Q-and-A with Michelle Rhee

What are the three biggest challenges facing the D.C. public school system?

The most important challenge is that the majority of our students are not reading, writing or doing math on grade level, when in fact our students are very smart and capable. It is going to take a lot of hard work from everyone to change this, because we have to do more than catch up. We want our students to be able to compete with students in the top schools in the country, and I know they can. We know they are absolutely capable of doing it if they get a solid education.

All the other challenges we face are the obstacles we have to remove in order to get there. This includes slogging through broken and disconnected data systems to fix them, and recruiting more excellent teachers when we can’t reward them yet for doing a good job. The new contract would be instrumental in changing this.

What role will charter schools play in the future of the D.C. educational system? Where will most of the political and financial support for charter schools come from?

Successful charter schools have been instrumental in improving the public school system. They are actually the reason I have a job! Enrollment has declined for the past 30 years in DCPS, and many said that unless city leaders did something about it very quickly, there would be no more DCPS, because all of the students would be in charter schools. So the D.C. Council and Mayor Fenty worked to change the way the school system was run. Instead of a school board making all the decisions (this meant a lot of people had to agree on almost every big change!), now the mayor is responsible for improving the system. It’s working, and enrollment has virtually steadied for the first time in decades.
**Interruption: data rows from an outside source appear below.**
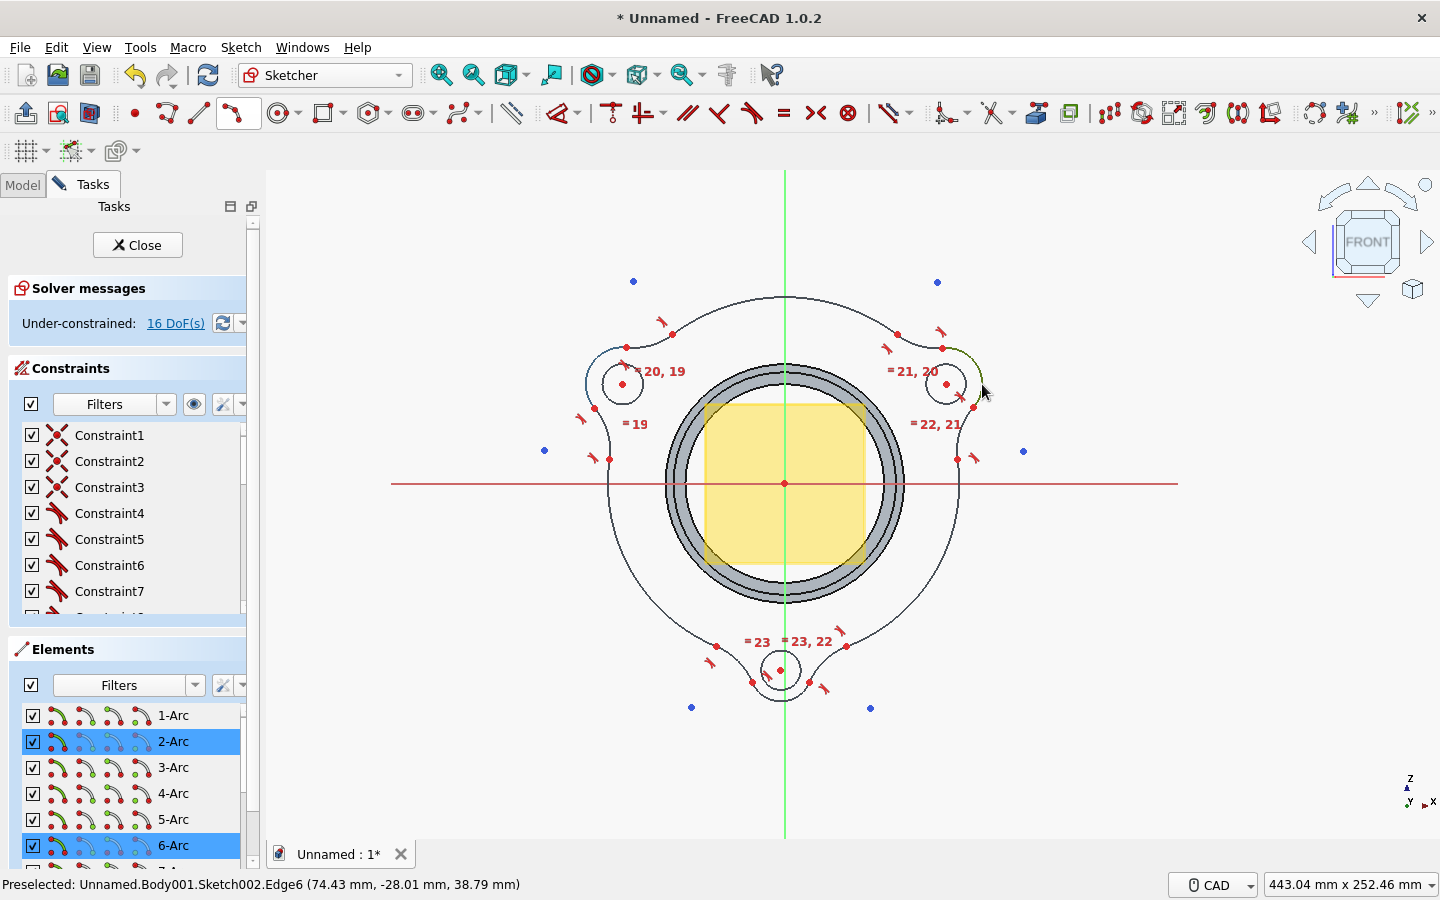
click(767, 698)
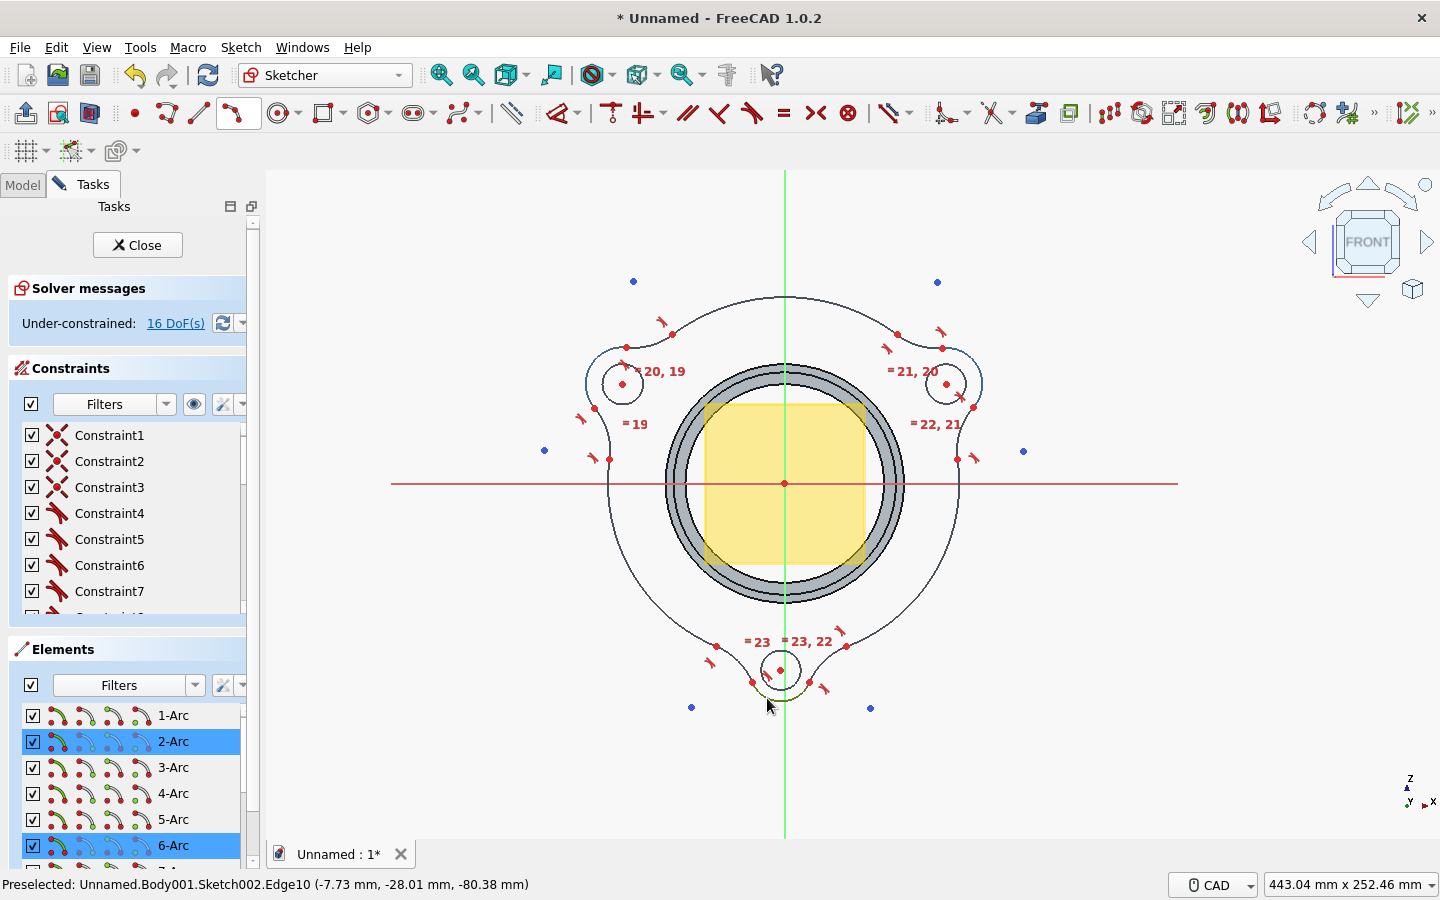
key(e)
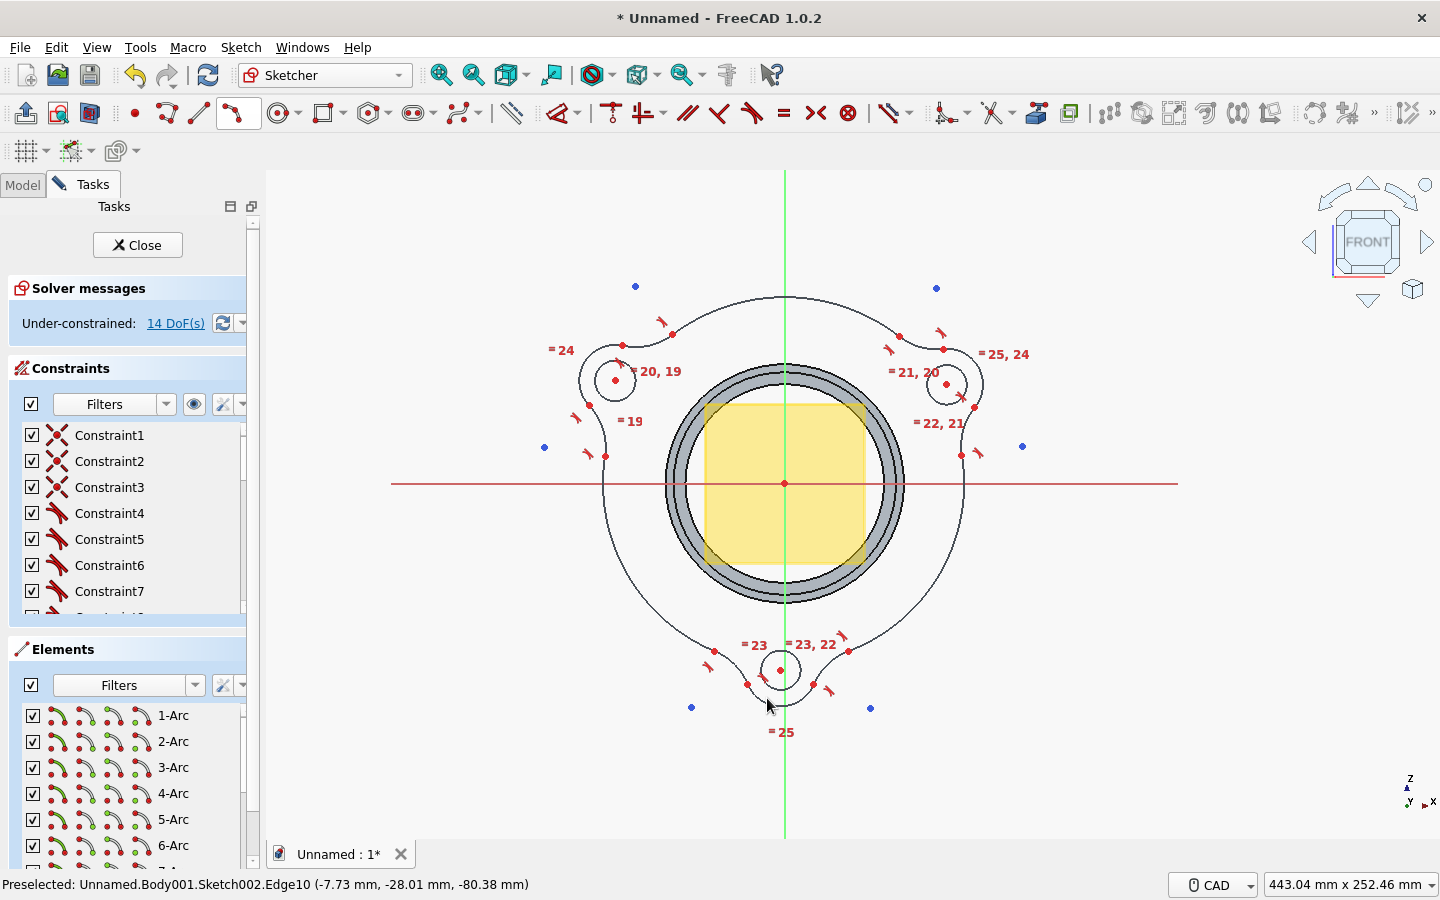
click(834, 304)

Bad charter schools don’t help anyone, but great ones provide models for success. They also bring out the competitive spirit in the rest of us, which is so important, and it is leverage for the District to enact greater change.

Regarding support for charters, President Obama and Secretary of Education Arne Duncan are very supportive of charter schools, and much political and financial support is coming from their efforts.

In the future, what standards will you use to determine when to close inefficient schools in the DCPS?

So far we have been using enrollment, so that if there aren’t enough children at the school to provide all the resources that kids need, we would close a school (this is mostly because schools with less kids don’t get as much money from the government, so sometimes the students don’t have things like art or music teachers, which isn’t fair).

Moving forward, we’d like to add performance to that, so that if students aren’t learning as they should be, we would close the school. Usually this happens under the first criterion of enrollment, because if a school is not doing well, parents are more likely to choose a charter school, making enrollment go down and putting a school on the possible closure list. We’re working on a School Scorecard — which is like a report card for parents showing how well the school is doing on a number of measures — and until we have that, we wouldn’t expect to close schools based on performance alone.

Kathy Kemper is founder and CEO of the Institute for Education, a nonprofit foundation that recognizes and promotes leadership and civility locally, nationally and in the world community.